No need to use another file to pipe these tasks. Constructing workflow is just like stacking building blocks. You can concatenate the blocks (here, a block begins with - var:) to form a pipeline. Just making sure that your var.name is valid and compatible.

  1. Line 1 declares a YAML document start. And you may noticed that the lines 2 and 21 start with a -. In the YAML format, they are list (array) elements. Workflow runner can parse this array structure to execute each of these tasks in order.

  2. lines 2-7 declared the variables for template to use. The values for these variables are from the global arguments. You can see this as setting alias. With the alias, you won’t change the content of task-template whenever the argument orders are changed. These variables will be existed until overwrite. Namely, the step 2 can directly use declared var.trimmedSeqFolder without specifying again.

  3. Line 9 declares an item list and each item will be used to resolved the task-template to produce a job in this batch task. Therefore, if we got 10 items in the batch-items and all of their task-template.condition is true, there will 10 jobs in this batch task. The workflow runner will wait all the 10 jobs to finish. Then, the workflow proceeds to the next step.

  4. Line 10-24 is the task template. It contains properties of name, image, exec, condition, args, and option.

    • The name is used as a key and is defined by developers. This is mainly used to identify the task.

    • The image is the full container path.

    • The exec is the executable. For a common use case, you can use /bin/sh or /bin/bash here and use -c to formulate your commands.

    • The condition tells if this task will be executed or not. If undefined, the condition is true. If set to any string other than ‘true’ or ‘TRUE’, this task will be ignored.

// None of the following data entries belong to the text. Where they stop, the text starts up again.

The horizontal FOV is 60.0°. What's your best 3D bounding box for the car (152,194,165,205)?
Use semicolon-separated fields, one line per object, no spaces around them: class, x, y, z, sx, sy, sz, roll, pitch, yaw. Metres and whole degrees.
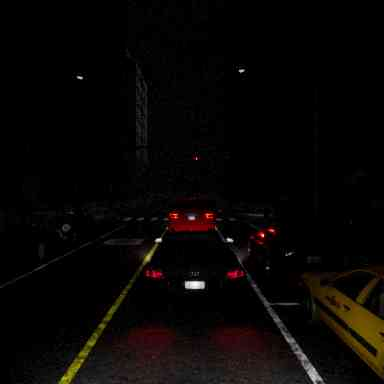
car;-5.805;1.330;57.899;2.192;1.841;5.009;0;0;0

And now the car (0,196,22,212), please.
car;-17.941;1.171;31.941;4.902;1.511;2.128;1;0;0

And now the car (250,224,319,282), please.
car;2.754;1.566;9.585;1.947;1.339;4.313;0;0;0

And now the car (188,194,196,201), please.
car;-0.063;1.390;89.008;2.097;1.767;4.553;0;0;0

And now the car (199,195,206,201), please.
car;2.701;1.557;85.262;1.752;1.417;4.829;0;0;0

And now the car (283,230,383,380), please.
car;2.758;1.525;4.298;1.752;1.417;4.829;0;0;0

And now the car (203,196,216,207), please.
car;2.724;1.452;52.467;1.967;1.590;4.097;0;0;0

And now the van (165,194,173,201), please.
van;-5.824;1.372;85.087;1.690;1.788;3.998;0;0;0

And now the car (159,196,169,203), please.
car;-5.812;1.602;68.773;1.802;1.307;4.206;0;0;0

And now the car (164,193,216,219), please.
car;-0.009;1.223;17.131;2.150;2.045;5.566;0;0;0

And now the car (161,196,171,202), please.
car;-5.816;1.549;74.041;1.752;1.417;4.829;0;0;0

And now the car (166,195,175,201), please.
car;-5.828;1.586;90.524;2.008;1.369;4.403;0;0;0

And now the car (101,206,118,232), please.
car;-5.778;1.527;20.321;1.752;1.417;4.829;0;0;0

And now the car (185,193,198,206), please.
car;0.022;1.236;57.730;2.150;2.045;5.566;0;0;1

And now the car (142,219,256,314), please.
car;0.054;1.564;7.711;1.994;1.385;4.181;0;0;0

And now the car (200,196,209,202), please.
car;2.709;1.569;74.217;1.887;1.381;4.507;0;0;0

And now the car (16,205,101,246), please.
car;-5.775;1.441;15.034;1.967;1.590;4.097;0;0;0

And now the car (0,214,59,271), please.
car;-5.771;1.545;9.577;1.887;1.381;4.507;0;0;0

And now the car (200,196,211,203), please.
car;2.713;1.571;68.779;2.008;1.369;4.403;0;0;0
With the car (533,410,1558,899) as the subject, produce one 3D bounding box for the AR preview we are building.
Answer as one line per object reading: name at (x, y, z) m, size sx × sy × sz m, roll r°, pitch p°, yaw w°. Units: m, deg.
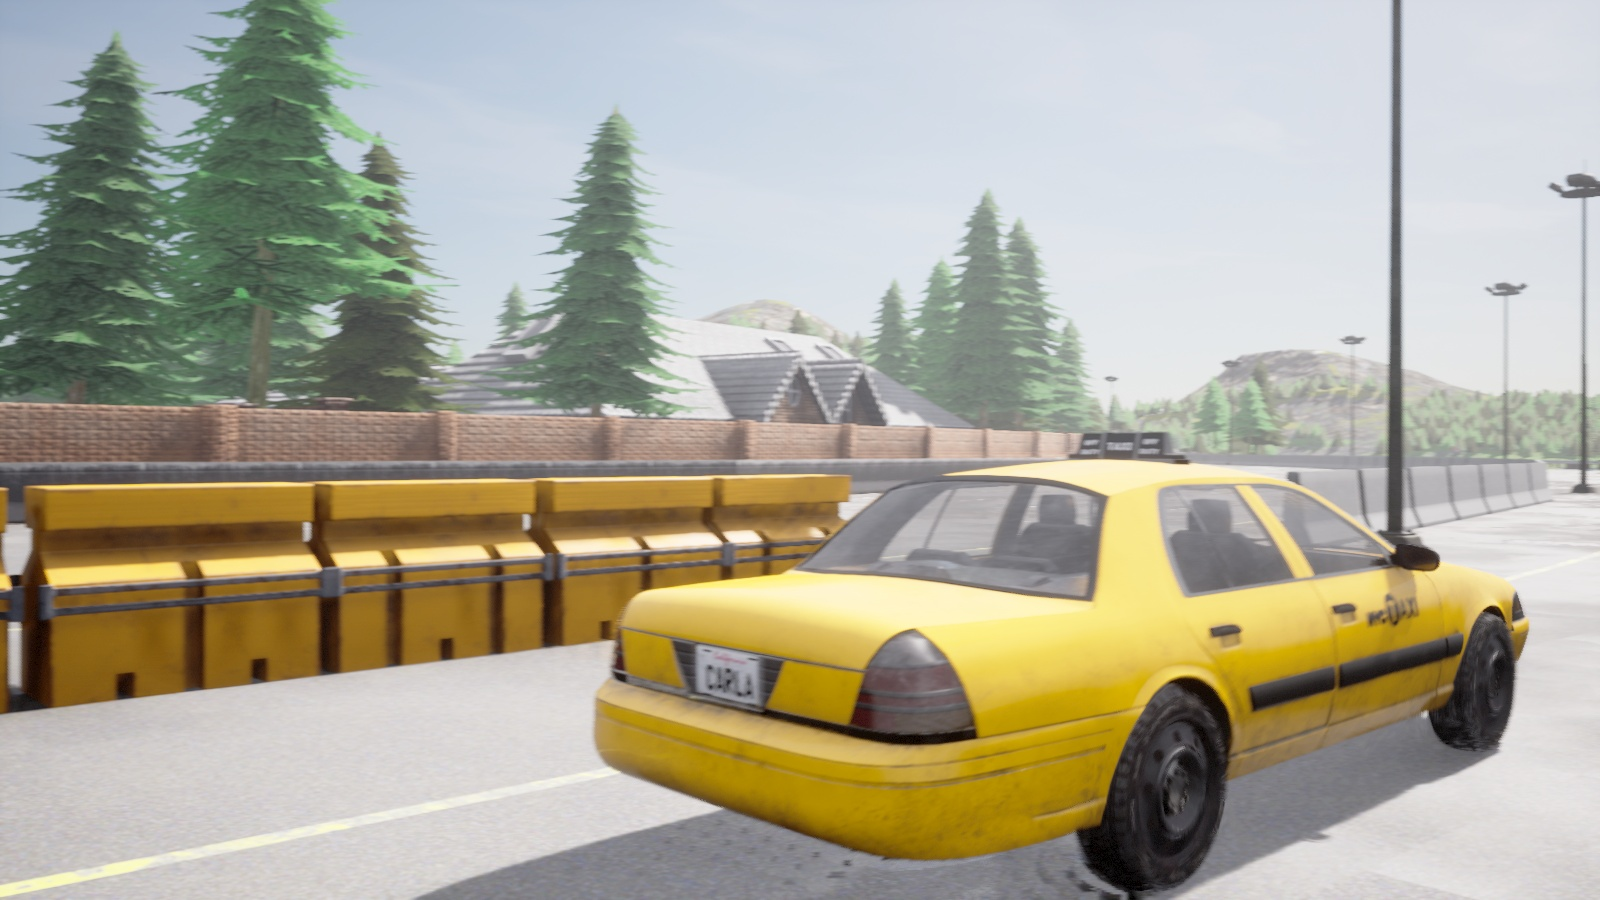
car at (1.602, 0.684, 5.763) m, size 5.366 × 1.575 × 1.801 m, roll 0°, pitch 0°, yaw -43°

    • The option can set additional settings for workflow runner. Here, this option will be sent to our task-adapter. The content of this option depends on the adapters. You can set some runtime resources as default values, such as cpus or mem. In this example, we can use setUser: true to notify the adapter that --user must be set when running the docker image. This prevents outputing files with root privileges.

    • The args can have two types: array or string. In this example, we can use the array type and you can see lines 12-18 begins with - . Values leading with the - will be resolved as argument values in order. This is used when there is a fixed number of known arguments. For a non-fixed number of arguments, use the string type. The string type is a more advanced usage and allows you to fully customized your arguments. Basically, the multi-line mode of the YAML will be used by using args: | or args: >. Under the hood, this string is expected as in YAML format and will be resolved as an array. So you can use {% for ... %} ... {% endfor %} to produce arguments of uncertain number.

    • The pathMapping filter function transforms your host path to a path inside the container. The Workflow runner will do the volume mapping for you. This is probably the most frequently used filter function.

Tip

  • The key orders are not important. That is, the order of name, condition, exec, etc. can be exchange.

  • The list elmenets inside args may be important. It is the order of the input argument for the exec.

  • We allow array of array here to define your tasks, so that your workflow can have multiple (batch) tasks executed concurrently in one step. If a step contains multiple tasks, you can start the line with - - task-template: to declare array of array using the YAML format. The workflow runner will wait for all the tasks in a step to finish.

  • Because indentation is important in the YAML format, using text editors like Sublime Text, Visual Studio Code, or Notepad++ is recommended. They can help you to collapse items for a clear view.